LDL 胆固醇与心血管事件之间的 J 形关联:全国超过 240 万人的纵向一级预防队列

低密度脂蛋白(LDL)降胆固醇治疗有利于高危动脉粥样硬化性心血管疾病(ASCVD)的二级或一级预防。然而,低 LDL 胆固醇水平对既往无 ASCVD 且未使用他汀类药物的患者的预后影响仍然难以捉摸。在全国范围内的队列中,纳入了 2,432,471 名既往没有 ASCVD 或他汀类药物使用史的参与者。对于心肌梗塞 (MI) 和缺血性中风 (IS),参与者从 2009 年至 2018 年进行了随访。他们根据 10 年 ASCVD 风险进行分层(<5%、5%–<7.5%、7.5%–<20 % 和 ≥20 %)和 LDL 胆固醇水平(<70、70–99、100–129、130–159、160–189 和 ≥190 mg/dL)。 MI 和 IS 的 LDL 胆固醇水平与 ASCVD 事件之间的关系均呈现 J 形曲线。根据 ASCVD 风险进行分类后,对于 MI 和 IS 的组合,一致观察到这种 J 形关系。 LDL 胆固醇水平<70 mg/dL 的参与者比 ASCVD 低风险组中 LDL 胆固醇水平为 70-99 mg/dL 或 100-129 mg/dL 的参与者显示出更高的 MI 风险。 LDL 胆固醇水平与 MI 风险之间的 J 形曲线在 ASCVD 风险组中减弱。
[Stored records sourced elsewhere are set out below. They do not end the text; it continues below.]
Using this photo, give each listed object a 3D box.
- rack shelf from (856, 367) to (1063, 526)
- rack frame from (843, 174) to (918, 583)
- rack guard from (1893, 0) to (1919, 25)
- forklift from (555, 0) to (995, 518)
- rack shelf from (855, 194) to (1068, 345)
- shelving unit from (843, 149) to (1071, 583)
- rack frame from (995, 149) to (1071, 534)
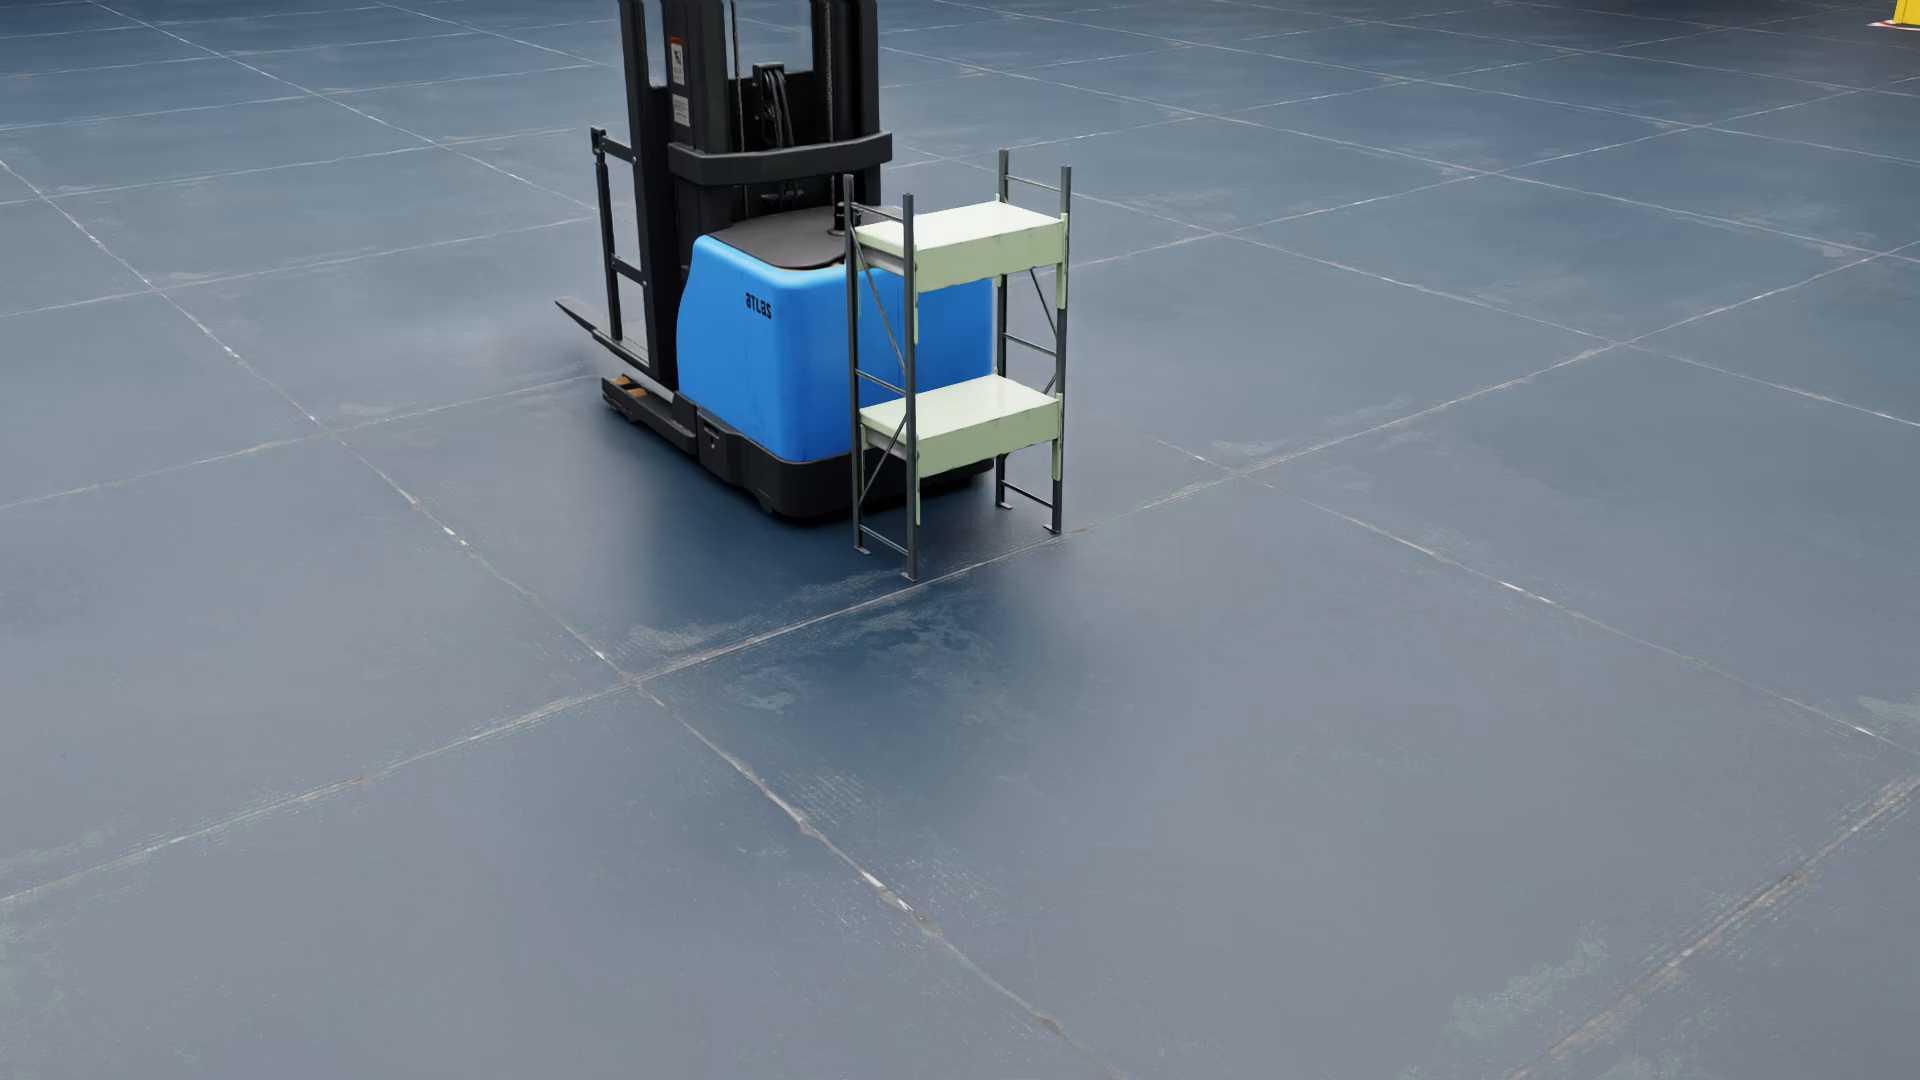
[{"bbox_3d":[-0.005,-0.383,6.568,0.720,0.370,0.431,-18,31,-34],"label":"rack shelf"},{"bbox_3d":[-0.293,-0.583,6.226,0.023,1.500,0.400,-18,31,-34],"label":"rack frame"},{"bbox_3d":[11.984,-6.469,20.094,0.348,0.500,1.175,-18,31,-34],"label":"rack guard"},{"bbox_3d":[-1.085,-1.989,7.554,1.130,2.935,3.031,-16,29,-30],"label":"forklift"},{"bbox_3d":[-0.005,-1.033,6.266,0.720,0.370,0.431,-18,31,-34],"label":"rack shelf"},{"bbox_3d":[-0.005,-0.679,6.431,0.755,1.500,0.431,-18,31,-34],"label":"shelving unit"},{"bbox_3d":[0.283,-0.774,6.635,0.023,1.500,0.400,-18,31,-34],"label":"rack frame"}]
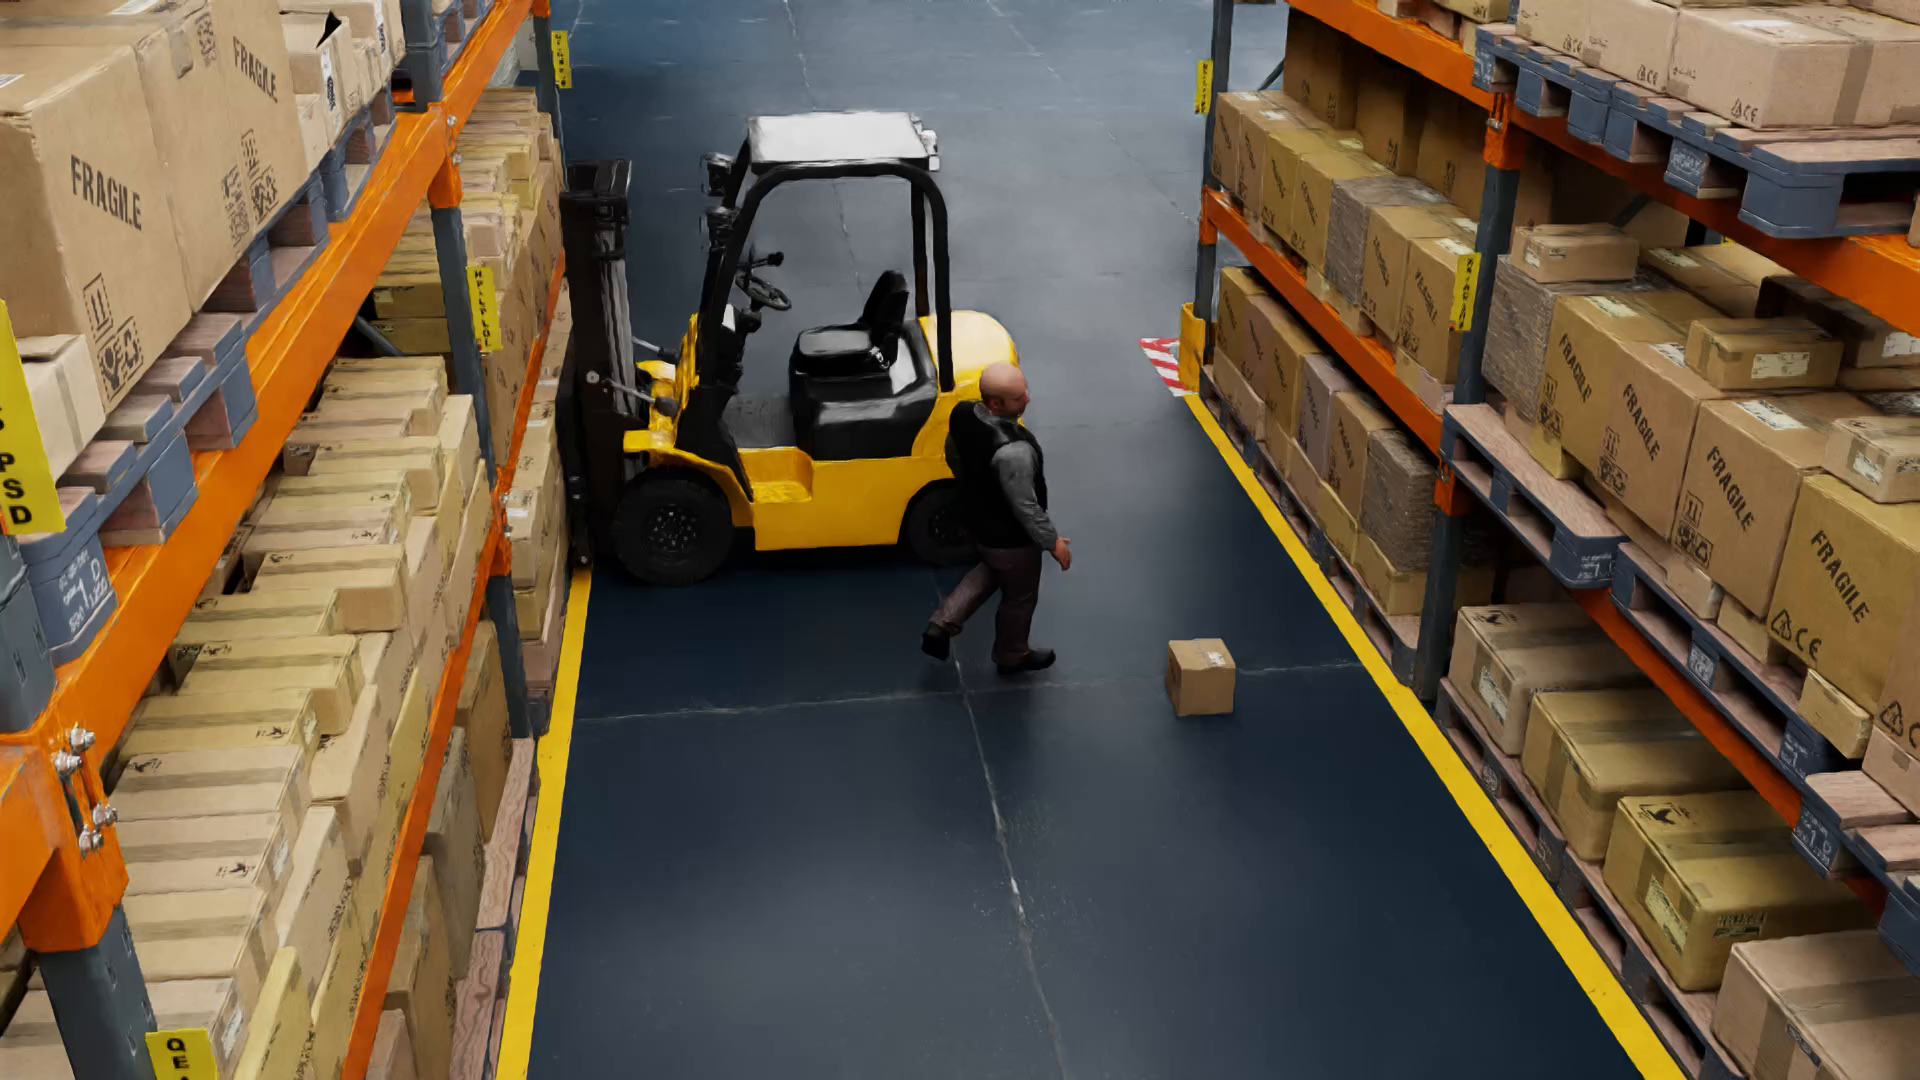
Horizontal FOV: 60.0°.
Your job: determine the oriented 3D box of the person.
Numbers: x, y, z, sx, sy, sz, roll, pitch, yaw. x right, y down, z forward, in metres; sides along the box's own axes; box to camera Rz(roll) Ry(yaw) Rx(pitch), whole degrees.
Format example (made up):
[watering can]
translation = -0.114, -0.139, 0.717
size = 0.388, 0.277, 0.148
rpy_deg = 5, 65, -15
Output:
[person]
translation = 0.198, -0.075, 7.344
size = 0.672, 1.671, 0.745
rpy_deg = -15, 31, -27
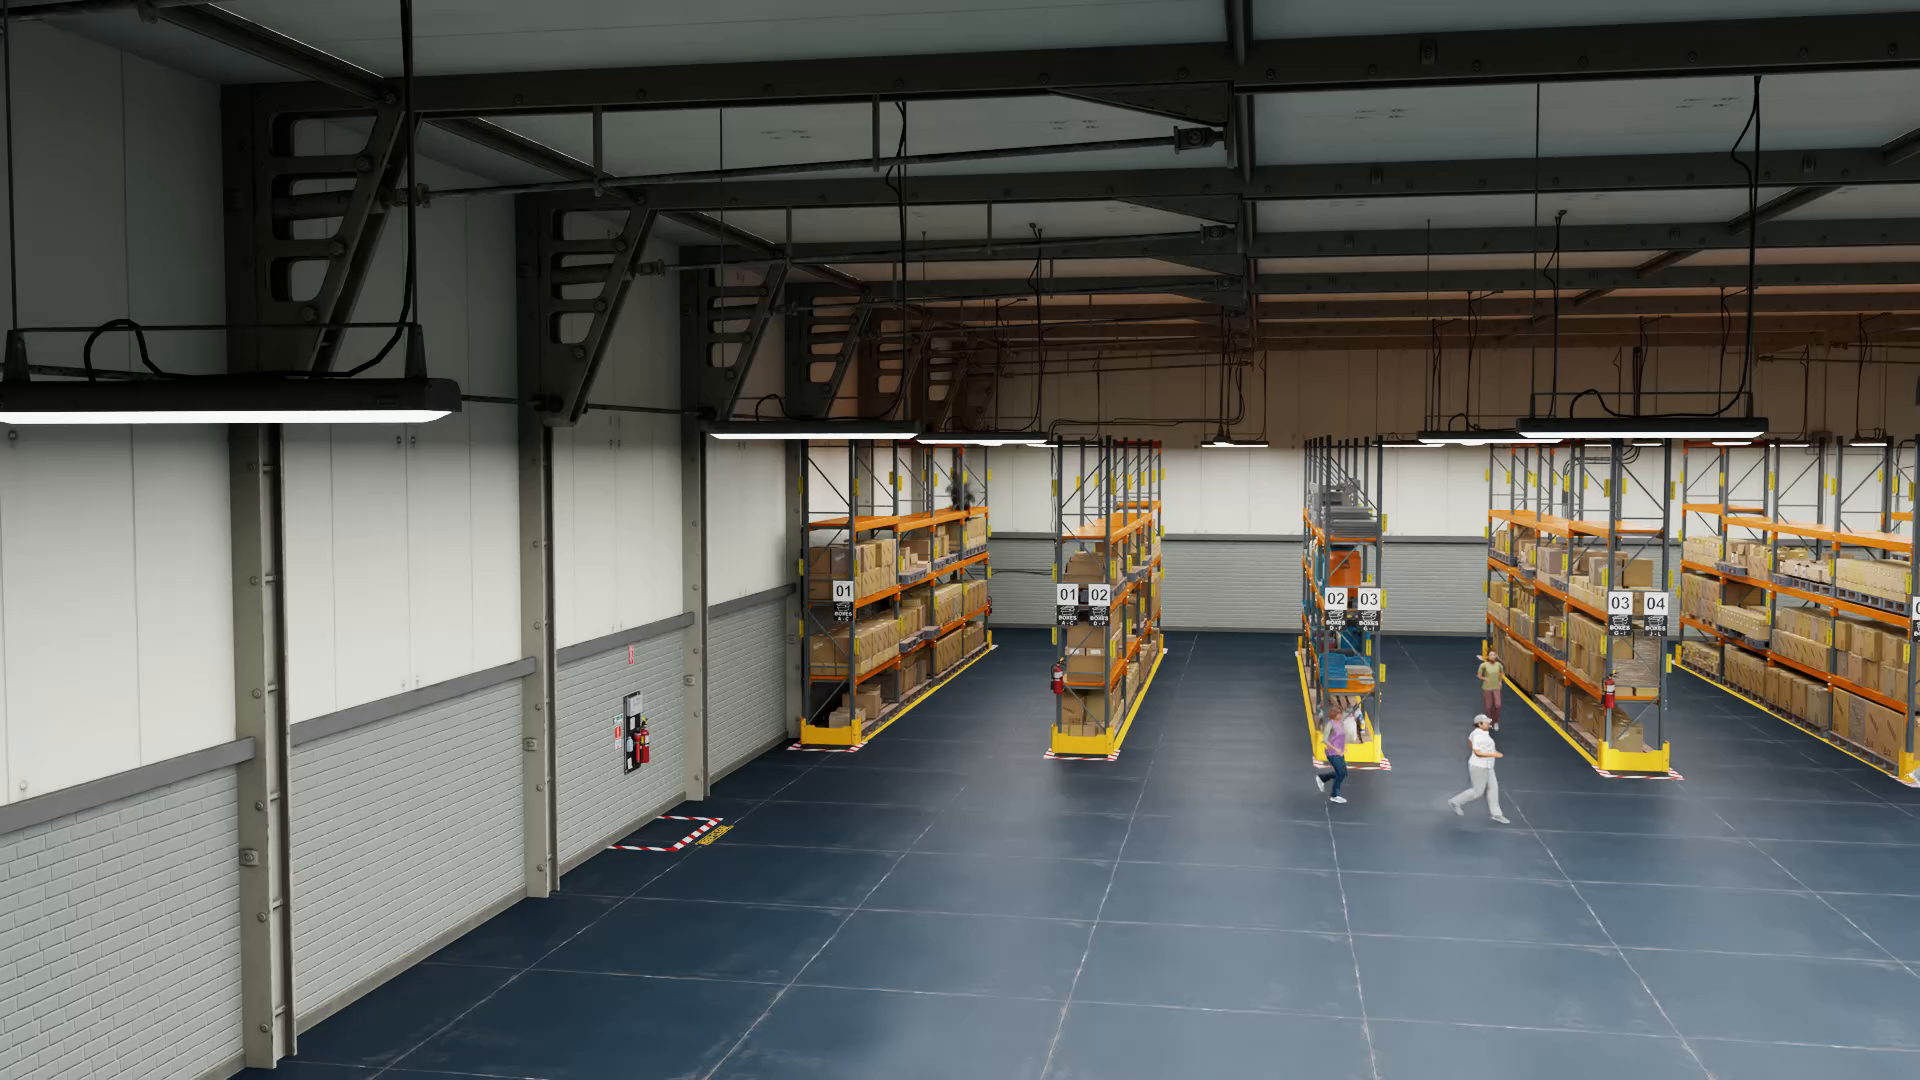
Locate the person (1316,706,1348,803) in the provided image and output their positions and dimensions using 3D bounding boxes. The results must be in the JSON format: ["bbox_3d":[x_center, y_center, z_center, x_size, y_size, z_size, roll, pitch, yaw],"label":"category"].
[{"bbox_3d":[6.040,3.478,27.095,0.575,1.552,0.583,2,4,39],"label":"person"}]

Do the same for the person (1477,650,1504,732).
[{"bbox_3d":[10.827,3.063,33.900,0.569,1.664,0.653,0,3,8],"label":"person"}]

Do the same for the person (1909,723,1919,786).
[{"bbox_3d":[16.200,3.377,27.579,0.591,1.662,0.882,-2,4,-33],"label":"person"}]

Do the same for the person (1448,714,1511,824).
[{"bbox_3d":[7.988,3.501,25.533,0.921,1.667,0.609,2,3,27],"label":"person"}]
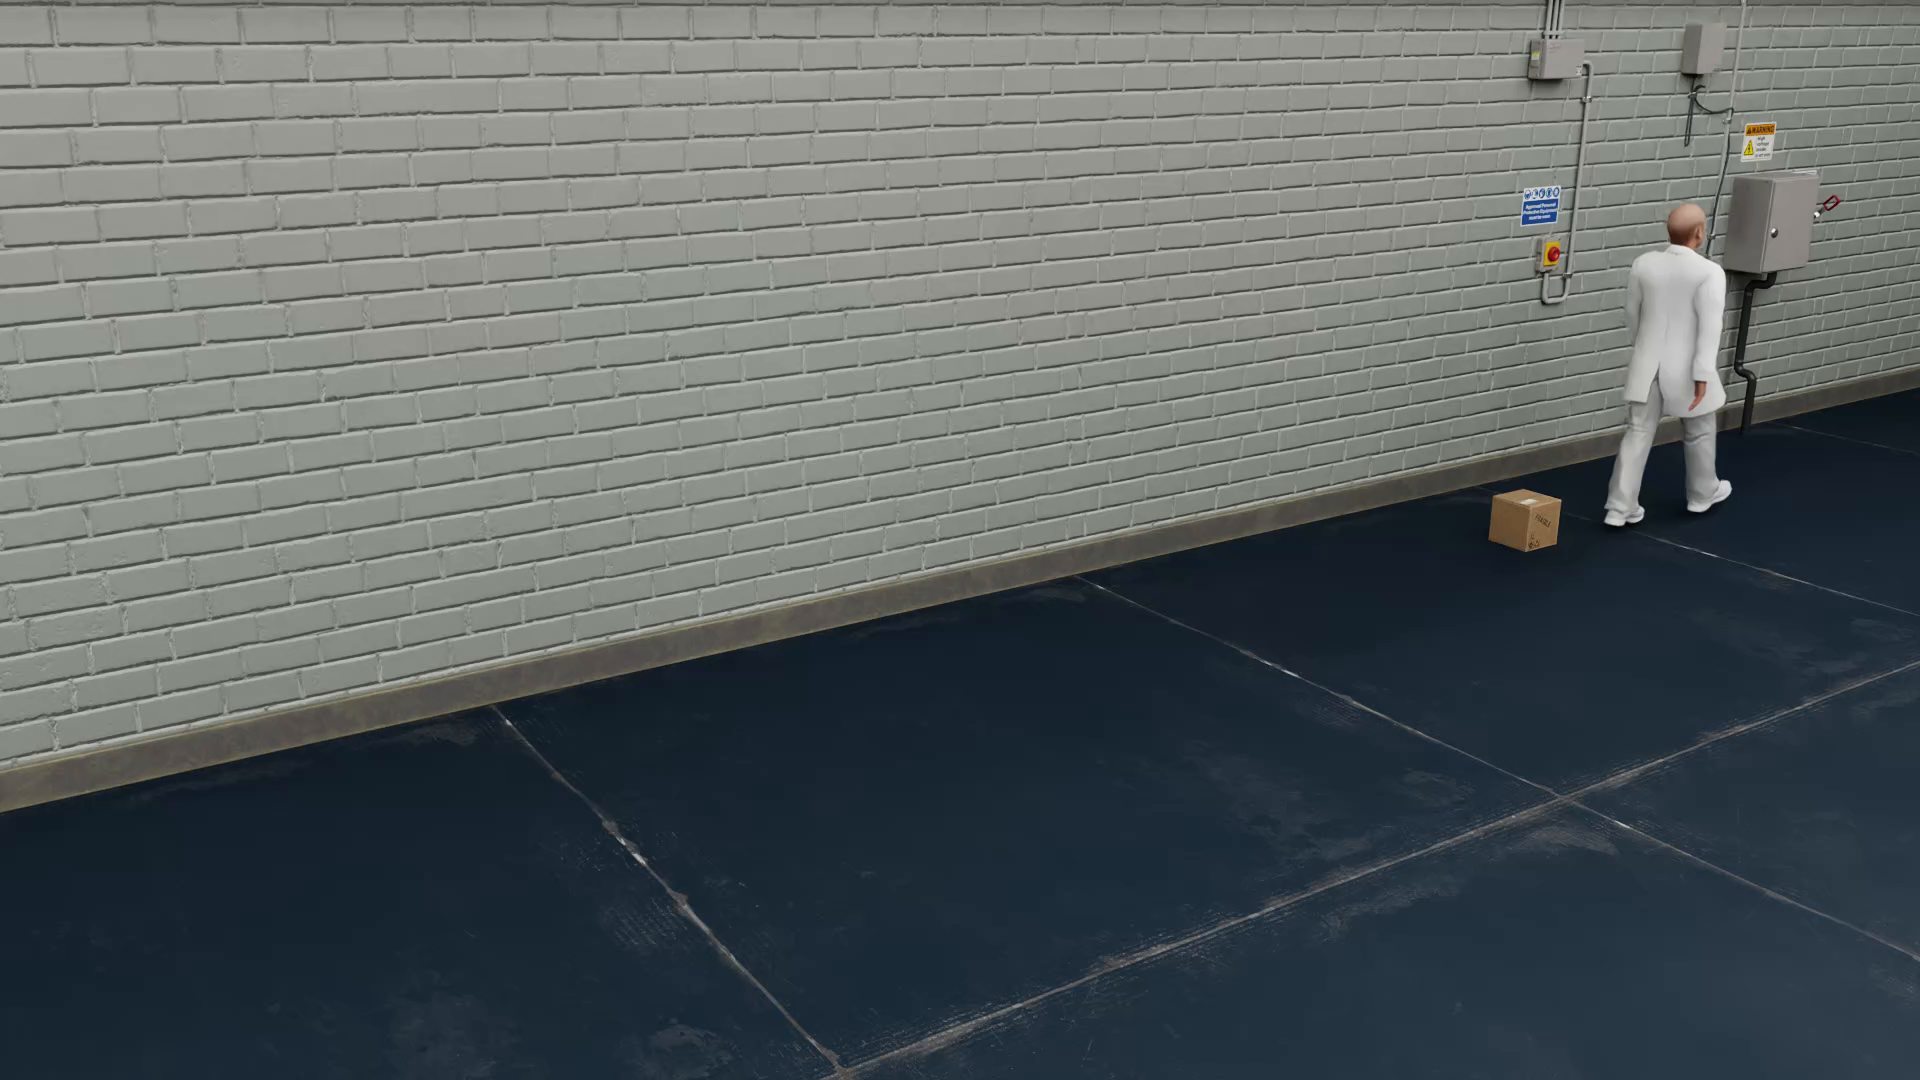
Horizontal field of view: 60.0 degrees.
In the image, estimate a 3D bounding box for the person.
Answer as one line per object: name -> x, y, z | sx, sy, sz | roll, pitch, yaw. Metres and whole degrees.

对于 IS,LDL 胆固醇水平 <70 mg/dL 的参与者与处于临界、中间水平的 70-99 mg/dL、100-129 mg/dL 或 130-159 mg/dL 水平的参与者相比,风险增加和高 ASCVD 风险人群。相反,在服用他汀类药物的参与者中观察到线性相关性。有趣的是,LDL 胆固醇和高敏 C 反应蛋白 (hs-CRP) 水平之间存在 J 形关联; LDL 胆固醇水平<70 mg/dL 的个体中,平均 hs-CRP 水平和 hs-CRP 水平升高的个体比例相对较高。虽然高 LDL 胆固醇水平会增加 ASCVD 的风险,但低 LDL 胆固醇水平并不能保证避免 ASCVD。因此,应仔细监测低密度脂蛋白胆固醇水平较低的个体。